Creating an artificial shortage
These traders are reportedly earning between 5 to 10 rupees extra on a litre of edible oil. Although the commerce minister and importers have given the assurance that there is no shortage of oil and that the rationing may be lifted soon, some are still convinced that oil prices will rise soon and are holding on to their stocks, while other traders are already selling them at the higher prices. As the rationing is two bottles per person, there are many customers who indirectly help to spread this trend of selling at higher prices. In this ‘Panic Buying’ impulse, they are willing to pay more even with the awareness that they are helping to create an artificial shortage in the long run and to the detriment of the next buyer.
Fines and operation ban
The Consumer Affairs Unit (CAU) has announced that officers will be ruthless in making surprise visits. Fines will be served to merchants who are caught. And as Soodesh Callichurn had already announced on Monday 21st March after his meeting with oil importers, following complaints of empty oil shelves in medium and large stores while the ‘blinds’ were full after controls, apart from fines, “In case of recurrence, the Ministry will seek a court order to prevent the businesses in question from operating temporarily.” The same procedure could be applied on small traders!

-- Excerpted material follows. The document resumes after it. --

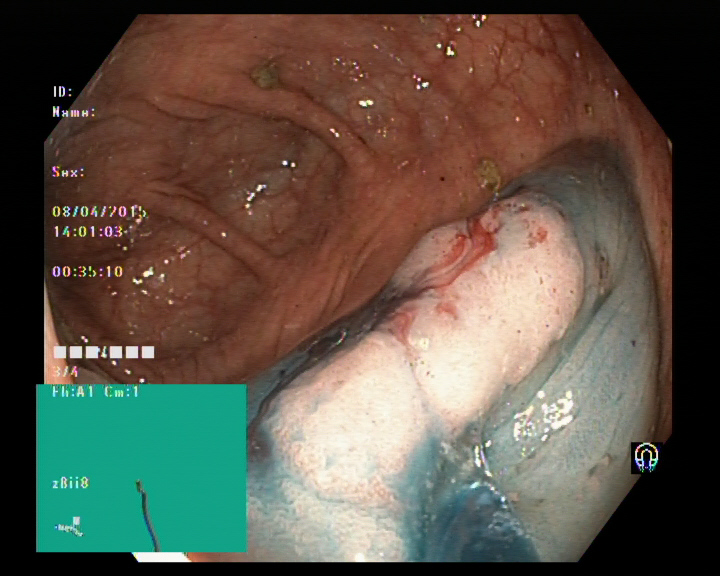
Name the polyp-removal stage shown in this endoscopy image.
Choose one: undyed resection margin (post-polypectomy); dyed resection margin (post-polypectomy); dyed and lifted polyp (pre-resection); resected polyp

3456 bottles of oil stolen from a warehouse
If on this Tuesday the traders are tagged of making profits in these times of sorrow, on Monday, late in the afternoon, four ‘oil thieves’ were caught in flagrante delicto in the warehouse where they work. They were caught by the security guard while they were throwing bottle after bottle through the windows onto the neighbouring property. The modus operandi was to move the lot as far away as possible from the building and retrieve the bottles later, which would then be sold on the black market. Questioned and confronted with visual evidence recorded by the CCTV, they admitted their theft only for 677 bottles, but according to the company’s inventory, the theft would have been for 3,456 bottles worth Rs 663,552. According to the company, these four individuals living in Port Louis would not be at their first blow. They were arrested by the police.
With this rationing, edible oil is gold in a bottle! This is not the result of a global shortage but a government control following the closure to export by producers in Egypt due to lack of commodities such as the sunflower they get from Ukraine, which, in the midst of war with Russia, has frozen all commercial operations.